What the exercise asks:
In your copy of the entries, please include no pictures and return every word exactly.

Records to use:
%%

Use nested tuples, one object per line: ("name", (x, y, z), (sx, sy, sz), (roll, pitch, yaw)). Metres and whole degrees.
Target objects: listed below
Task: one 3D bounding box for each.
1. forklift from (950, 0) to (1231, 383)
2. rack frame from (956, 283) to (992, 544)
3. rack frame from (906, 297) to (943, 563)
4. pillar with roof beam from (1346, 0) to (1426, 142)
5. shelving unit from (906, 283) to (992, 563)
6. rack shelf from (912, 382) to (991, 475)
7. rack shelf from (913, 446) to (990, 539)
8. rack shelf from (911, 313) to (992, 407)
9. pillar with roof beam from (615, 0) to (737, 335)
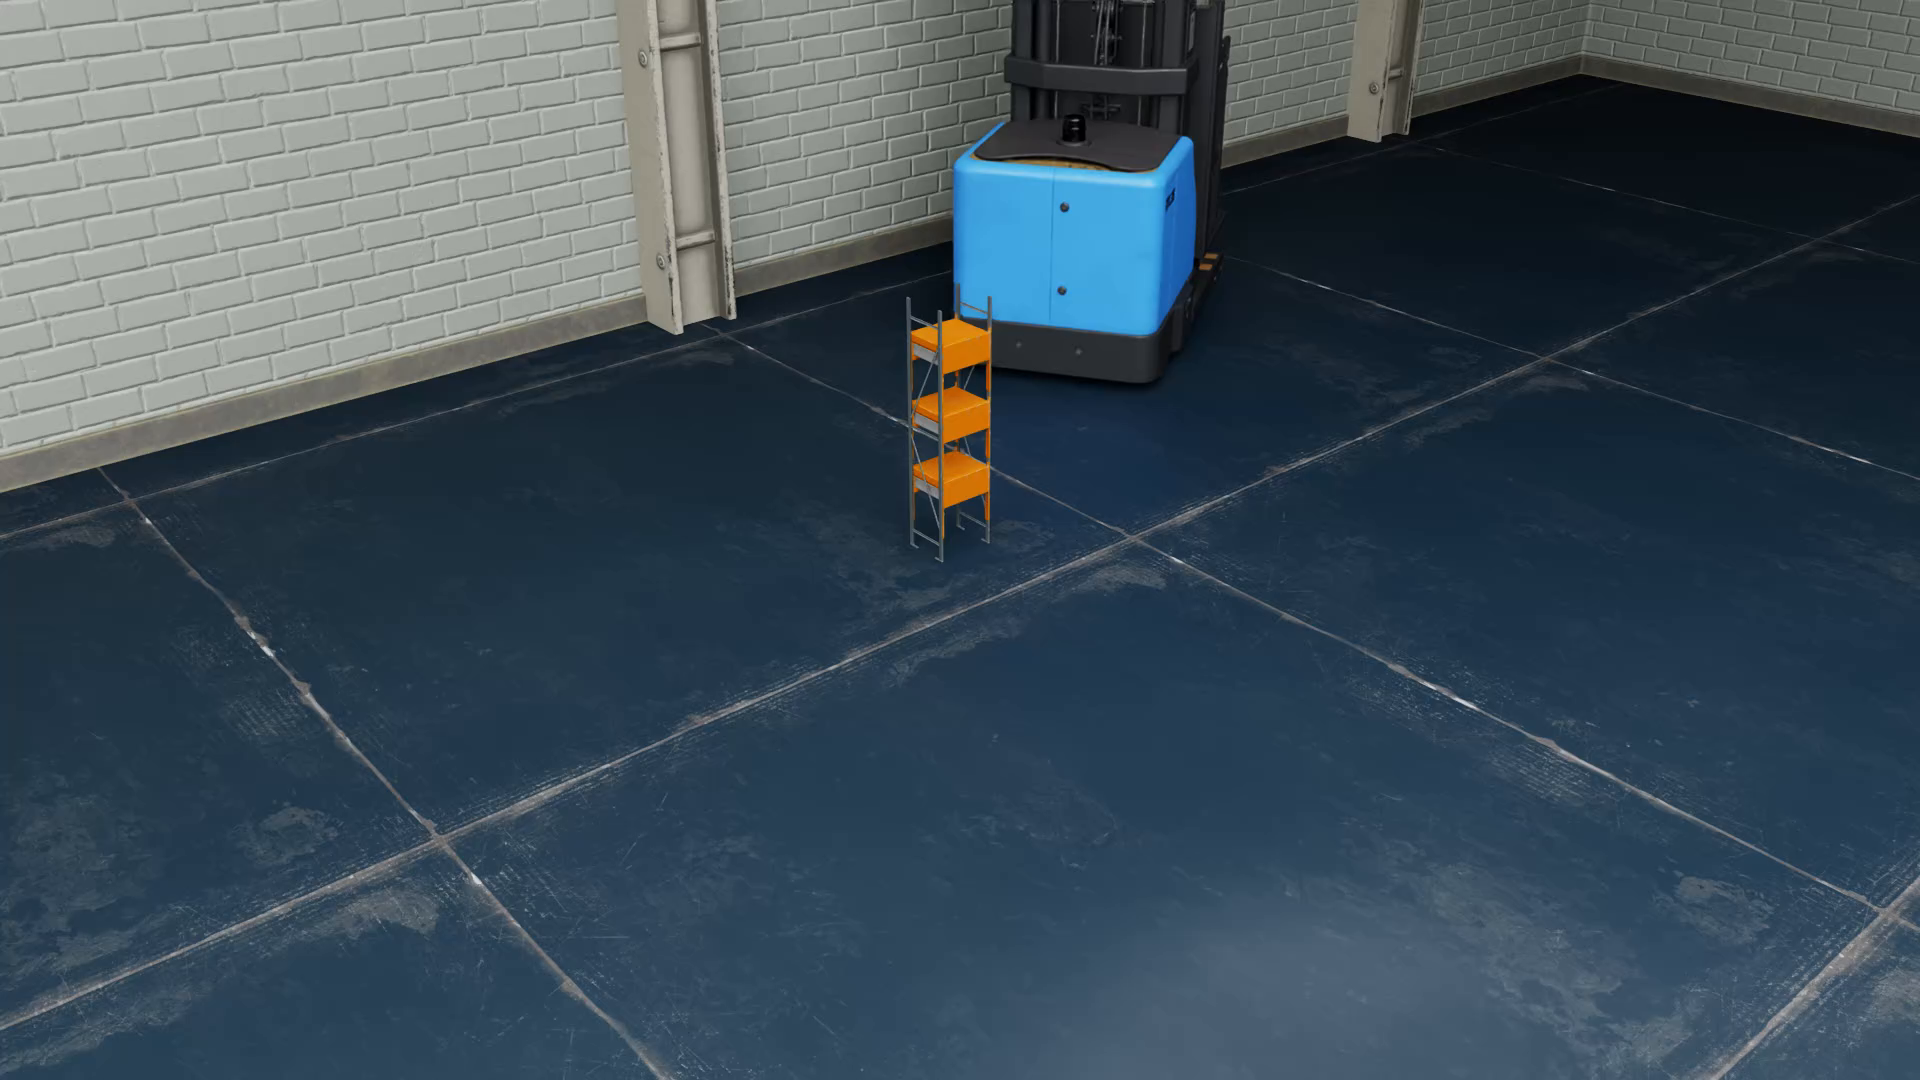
("forklift", (0.875, -2.726, 8.741), (1.130, 2.935, 3.031), (8, 29, 15))
("rack frame", (0.052, -0.484, 6.542), (0.008, 1.050, 0.200), (-22, 35, -35))
("rack frame", (-0.133, -0.409, 6.402), (0.008, 1.050, 0.200), (-22, 35, -35))
("pillar with roof beam", (5.905, -5.459, 7.418), (0.400, 9.000, 9.100), (-22, 35, -35))
("shelving unit", (-0.041, -0.447, 6.472), (0.252, 1.050, 0.215), (-22, 35, -35))
("rack shelf", (-0.041, -0.437, 6.477), (0.240, 0.259, 0.215), (-22, 35, -35))
("rack shelf", (-0.041, -0.192, 6.608), (0.240, 0.259, 0.215), (-22, 35, -35))
("rack shelf", (-0.041, -0.688, 6.343), (0.240, 0.259, 0.215), (-22, 35, -35))
("pillar with roof beam", (1.341, -3.624, 3.983), (0.400, 9.000, 9.100), (-22, 35, -35))

%%

Result of this task:
Use nested tuples, one object per line: ("name", (x, y, z), (sx, sy, sz), (roll, pitch, yaw)). Metres and whole degrees.
Target objects: listed below
Task: one 3D bounding box for each.
1. forklift from (950, 0) to (1231, 383)
2. rack frame from (956, 283) to (992, 544)
3. rack frame from (906, 297) to (943, 563)
4. pillar with roof beam from (1346, 0) to (1426, 142)
5. shelving unit from (906, 283) to (992, 563)
6. rack shelf from (912, 382) to (991, 475)
7. rack shelf from (913, 446) to (990, 539)
8. rack shelf from (911, 313) to (992, 407)
9. pillar with roof beam from (615, 0) to (737, 335)
("forklift", (0.875, -2.726, 8.741), (1.130, 2.935, 3.031), (8, 29, 15))
("rack frame", (0.052, -0.484, 6.542), (0.008, 1.050, 0.200), (-22, 35, -35))
("rack frame", (-0.133, -0.409, 6.402), (0.008, 1.050, 0.200), (-22, 35, -35))
("pillar with roof beam", (5.905, -5.459, 7.418), (0.400, 9.000, 9.100), (-22, 35, -35))
("shelving unit", (-0.041, -0.447, 6.472), (0.252, 1.050, 0.215), (-22, 35, -35))
("rack shelf", (-0.041, -0.437, 6.477), (0.240, 0.259, 0.215), (-22, 35, -35))
("rack shelf", (-0.041, -0.192, 6.608), (0.240, 0.259, 0.215), (-22, 35, -35))
("rack shelf", (-0.041, -0.688, 6.343), (0.240, 0.259, 0.215), (-22, 35, -35))
("pillar with roof beam", (1.341, -3.624, 3.983), (0.400, 9.000, 9.100), (-22, 35, -35))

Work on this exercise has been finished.